Before using any of the methods discussed in the lesson, which features do you think would be most important for predicting the tip amount?

Use select k best to select the top 2 features for predicting tip amount. What are they?

Use recursive feature elimination to select the top 2 features for tip amount. What are they?

Why do you think select k best and recursive feature elimination might give different answers for the top features? Does this change as you change the number of features your are selecting?

Write a function named select_kbest that takes in the predictors (X), the target (y), and the number of features to select (k) and returns the names of the top k selected features based on the SelectKBest class. Test your function with the tips dataset. You should see the same results as when you did the process manually.
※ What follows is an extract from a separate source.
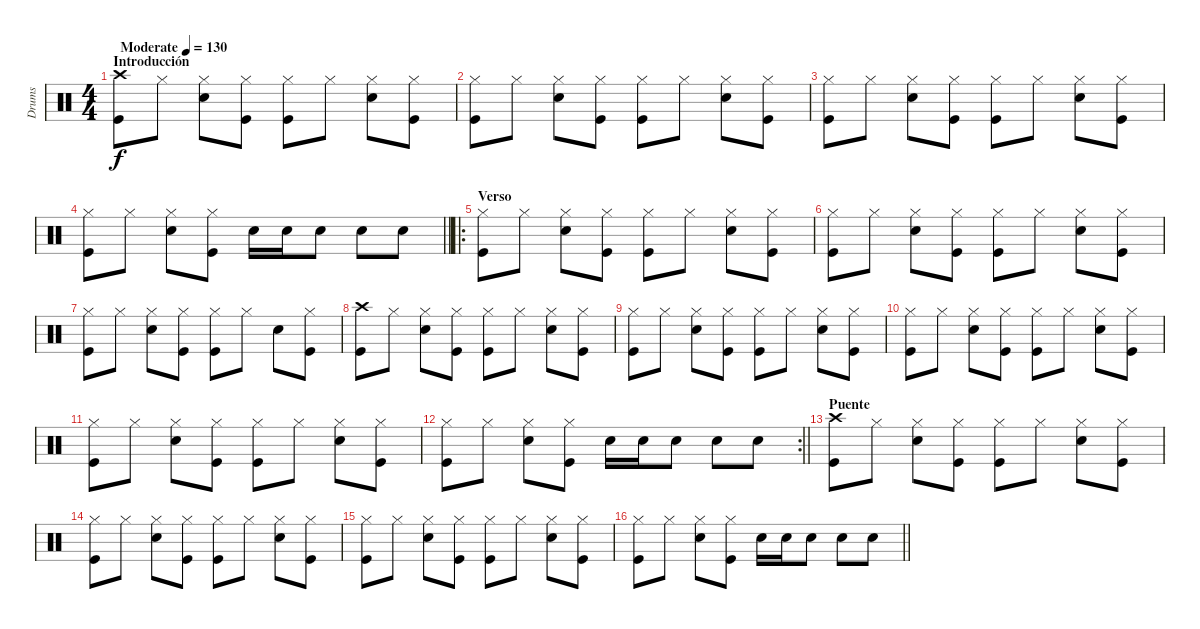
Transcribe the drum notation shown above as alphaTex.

Write a function named rfe that takes in the predictors, the target, and the number of features to select. It should return the top k features based on the RFE class. Test your function with the tips dataset. You should see the same results as when you did the process manually.
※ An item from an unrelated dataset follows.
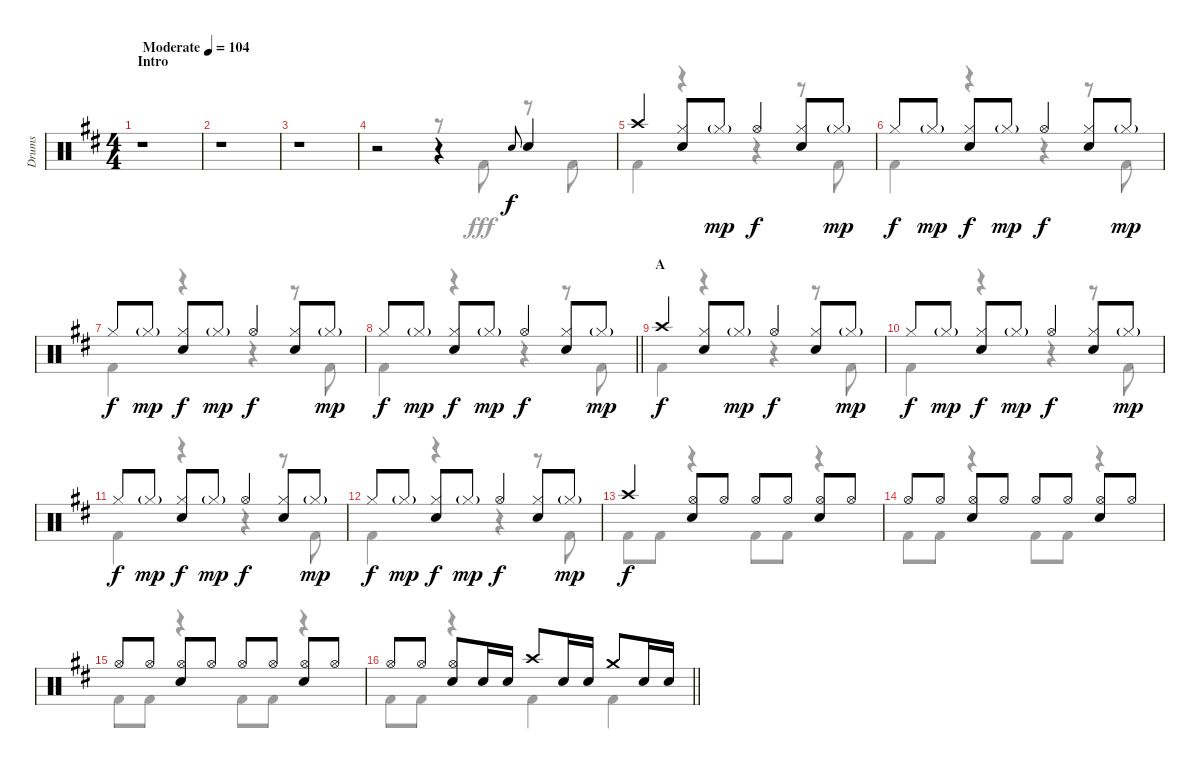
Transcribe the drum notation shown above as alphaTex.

Load the swiss dataset and use all the other features to predict Fertility. Find the top 3 features using both select k best and recursive feature elimination (use the functions you just built to help you out).

In [1]:
import pandas as pd
import numpy as np
import matplotlib.pyplot as plt
import seaborn as sns
from pydataset import data
import wrangle
import prepare
import math

from sklearn.feature_selection import SelectKBest, f_regression
from sklearn.linear_model import LinearRegression
from sklearn.feature_selection import RFE
from sklearn.preprocessing import MinMaxScaler

In [2]:
df = data ('tips')

In [3]:
df.head()

Unnamed: 0,total_bill,tip,sex,smoker,day,time,size
1,16.99,1.01,Female,No,Sun,Dinner,2
2,10.34,1.66,Male,No,Sun,Dinner,3
3,21.01,3.5,Male,No,Sun,Dinner,3
4,23.68,3.31,Male,No,Sun,Dinner,2
5,24.59,3.61,Female,No,Sun,Dinner,4


In [4]:
df['tip_percentage'] = round((df['tip'] / df['total_bill'])*100 , 2)

In [5]:
df ['price_per_person']=  df['total_bill'] / df['size']

In [6]:
df.head()

Unnamed: 0,total_bill,tip,sex,smoker,day,time,size,tip_percentage,price_per_person
1,16.99,1.01,Female,No,Sun,Dinner,2,5.94,8.495
2,10.34,1.66,Male,No,Sun,Dinner,3,16.05,3.446667
3,21.01,3.5,Male,No,Sun,Dinner,3,16.66,7.003333
4,23.68,3.31,Male,No,Sun,Dinner,2,13.98,11.84
5,24.59,3.61,Female,No,Sun,Dinner,4,14.68,6.1475


In [7]:
#total_bill and size would be most important features for predicting the tip amount
#split data in train, validate and split
train, validate, test = wrangle.split_data(df)

train -> (136, 9)
validate -> (59, 9)
test -> (49, 9)


In [8]:
#split the target and the features
X_train = train.drop(columns = ['tip'])
y_train = train['tip']

In [9]:
X_validate = validate.drop(columns = ['tip'])
X_test = test.drop(columns = ['tip'])

In [10]:
#get all numerics columns
cols = X_train.select_dtypes(exclude='object').columns.to_list()

In [11]:
#scaled the columns
X_train_scaled , X_validate_scaled , X_test_scaled = prepare.scaled_mimmax(cols, X_train , X_validate, X_test)

In [12]:
X_train_scaled.head()

Unnamed: 0,total_bill,size,tip_percentage,price_per_person
19,0.307114,0.4,0.252853,0.150344
173,0.092355,0.2,1.0,0.032258
119,0.206805,0.2,0.16185,0.182796
29,0.411622,0.2,0.240996,0.452194
238,0.657534,0.2,0.0,0.775647


In [13]:
f_selector = SelectKBest(score_func=f_regression, k=2)
f_selector.fit(X_train_scaled, y_train)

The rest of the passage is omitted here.